What generates the figuration of the gendered body? Freud suggests the incest taboo, which includes the taboo against homosexuality and thus which stabilises gender as heterosexual. This is a 'regulatory ideal', though, 'a fiction that operates within discourses and which, discursively and institutionally sustained, wields enormous power' (335), even though few people can embody it with regularity [Butler seems to be arguing that this is because it is permanently necessary to figure one's body as heterosexual, in a way which runs the risk of overcoming all social prohibitions].

Gender can now be seen as a matter of some interior identity which subsequently has to be manifested. If gender is seen as identical with sex, then sex conditions it, and this may explain the untheorised binary notion of gender. Sex is therefore seen as the substance, and gender as a mere reflection (and desire is a reflection of gender). Psychoanalytic theory tends to reinforce this view in its construction of coherence and its denial of gender discontinuities (seen 'within heterosexual, bisexual, and gay and lesbian contexts in which gender does not necessarily follow from sex, and desire, or sexuality generally does not seem to follow from gender') (336) Such contexts help expose the regulatory ideal as a cultural norm, disguised as a law.

In the fantasy of identification, coherence is desired. 'Acts, gestures and desire produce the effect of an internal core or substance', but do this in such a way as to conceal the causal effects of identity. Such acts are performative, not expressing an identity but fabricating one. The gendered body has no status other than the acts which constitute its reality. The fact that gender seems an interior matter only shows the effects of a powerful Foucaldian discourse. By locating desires and the origin of acts inside a 'self', political analysis is precluded. Thus genders are 'neither true nor false but are only produced as the truth effects of a discourse of primary and stable identity' (337).

We can see these fabricating mechanisms and the social construction of gender by looking at female impersonators. Drag subverts the apparent distinction between internal and external, and denies the nature of a natural true gender identity. Drag indicates that appearance is an illusion, but also that 'true' genders may lie within and not on the surface of the body. Both claims are contradictory, and thus radical questions are raised about gender enactments as more than just simply true or false expressions.

The parody often found in drag need not be degrading for women [pursued further in this piece] . Anatomical sex, gender identity and gender performance are separated, and this can help to deconstruct the idea of a natural or necessary unity found in hegemonic heterosexuality. There is no original unity to be parodied, but a much more fluid and open set of identities. The very categories of misogynist culture are subverted, and their claims to naturalness exposed as mythical.

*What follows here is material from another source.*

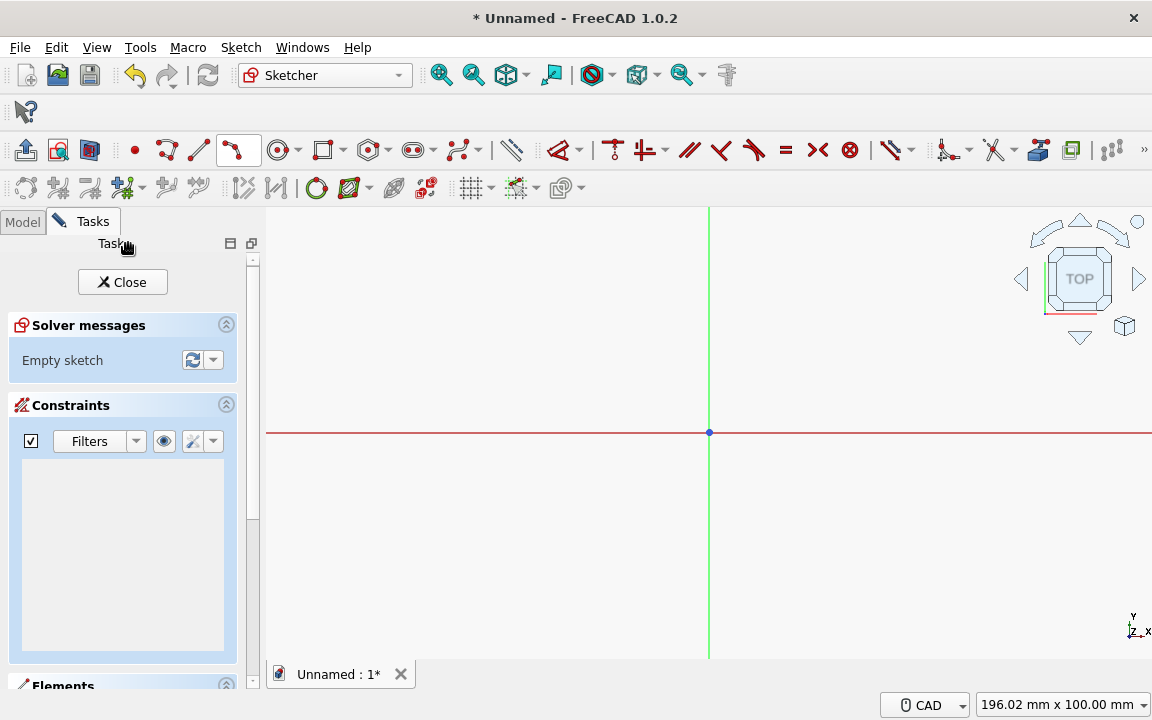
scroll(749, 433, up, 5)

Thus the construct of 'woman' is far from unproblematic. Sex itself is a category, and is an effect of the regulation of sexuality, and so it is likely that gender coherence is also an effect of politics. We need to understand the interests and power relations that underpin this coherence, and celebrate the proliferation of gender styles and identities: these 'indicate the possibility of complex and generative subject positions as well as coalitional strategies' (339). [Indeed, if these arguments apply to masculinity as well, as surely they must, there is no reason why men should not join with feminists in opposing fixed and binary categories of gender].

Thus feminists who claim some universal unity between women are also constructing a narrative based on the denial of greater complexity and gender dissonance. Narrative coherence should be revised, and narratives should admit to greater complexity: or perhaps performance should replace narrative 'as the scene of gender production' (339). The myth of interior origins must be resisted, and gender coherence understood as 'a regulatory fiction... rather than the common point of our liberation' (339).